Yet many self labled captains, who had themselves established their saltwater roots on coastal piers, seem to have foregotten the simple pleasures anglers from piers seek. Its difficult for Mothers and Fathers, Grandparents, Family members, and friends fishing on a coastal pier to explain to very observant children, why such degrading acts against other anglers are openly and intentionally committed. 


Its truly a shame that sportsmanship, boater safety, common sense, and a friendly basic respect for others be tossed aside by the arrogant manners of the wreckless among boat and watercraft operators...........

The irony is, these same individuals (and many have) who have found themselves wrecked, captsized or in life threatening distress upon the ocean blues, rely on the caring eyes and hearts of folks who have a view from their fishing pier benches ..................Many make that all important call to authorities that may save the inept boaters life, his crew, passengers and his equipment. 

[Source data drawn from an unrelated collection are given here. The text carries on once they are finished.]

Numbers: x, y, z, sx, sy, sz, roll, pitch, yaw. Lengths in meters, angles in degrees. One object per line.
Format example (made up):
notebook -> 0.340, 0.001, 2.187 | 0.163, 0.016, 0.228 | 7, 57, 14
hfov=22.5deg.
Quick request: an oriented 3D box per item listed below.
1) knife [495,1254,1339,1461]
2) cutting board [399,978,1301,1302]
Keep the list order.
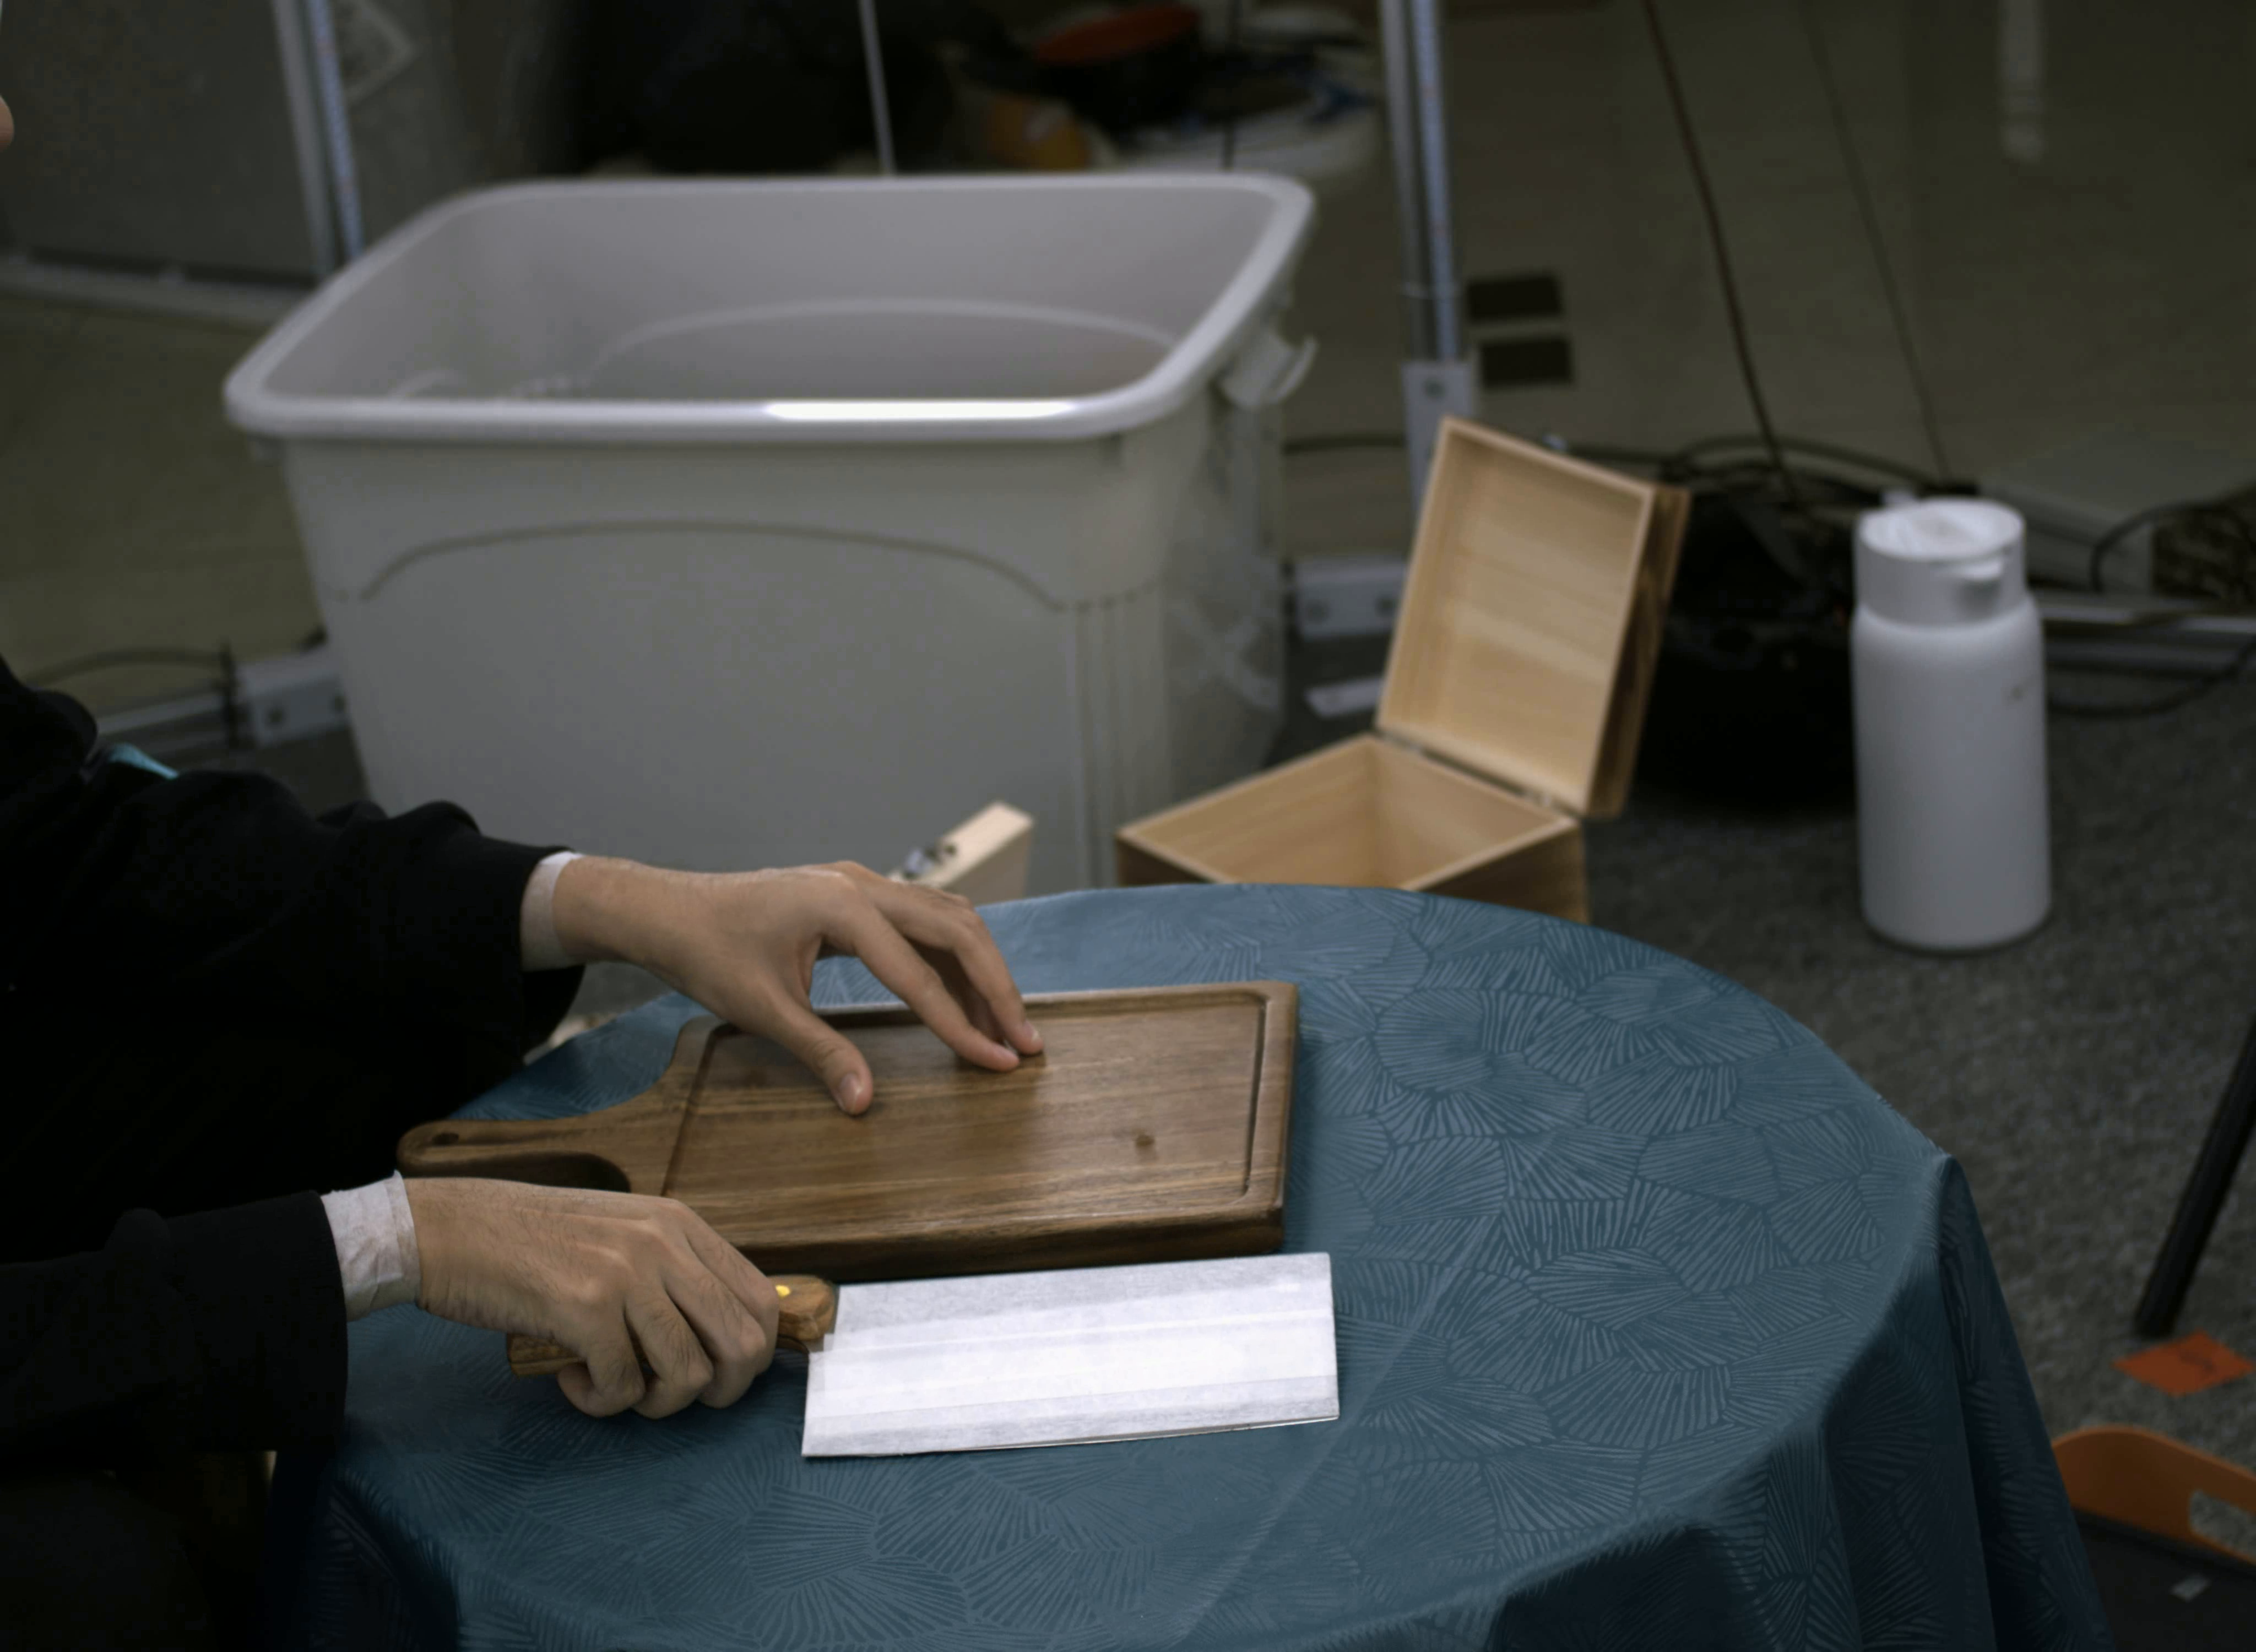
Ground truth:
knife -> -0.078, 0.192, 2.027 | 0.305, 0.021, 0.091 | -4, 37, 3
cutting board -> -0.109, 0.123, 2.192 | 0.351, 0.023, 0.198 | -6, 24, 7

Its a shame the contumely among the hell bent operators of these wayward watercraft never know who they are indebted too...............or could be as early as tommorrow.


----------



## new2salt (Dec 28, 2000)

A few years ago me and a couple friends were king fishing the private pier up at the northern end of Cherrygrove when we saw some jetskiers coming up the beach headed for the inlet. We started shouting at them to move out because of the lines in the water, but one smarta$$ was too busy giving us the finger to see my anchor line. Thankfully, Uglystiks are built like a tank (and about as heavy), nearly ripped the rodholder off the pier and him off the ski. I'm sure that the line left some pretty welps across his neck and face. If we could have caught him, I positive that he would never get that close to a pier again. As a matter of fact he would have most likely had developed an extreme phobia to piers and jetskis all together.


----------



## pogeymoe (May 5, 2009)

new2salt, thats funny and brought back a wild memory. As a teen years ago fishing cherrygrove, i was fishing in the suds and a ticked off surfer grabbed my line and rubbed it on something til it broke. I told an older friend and he gave me an anchor weight. At the time i had no clue what it was but at his direction i launched it, it held and i DID snatch the very same surfer from his board. He and his buddies came onto the pier to whip my a** but a ticked off pier employee defused the situation.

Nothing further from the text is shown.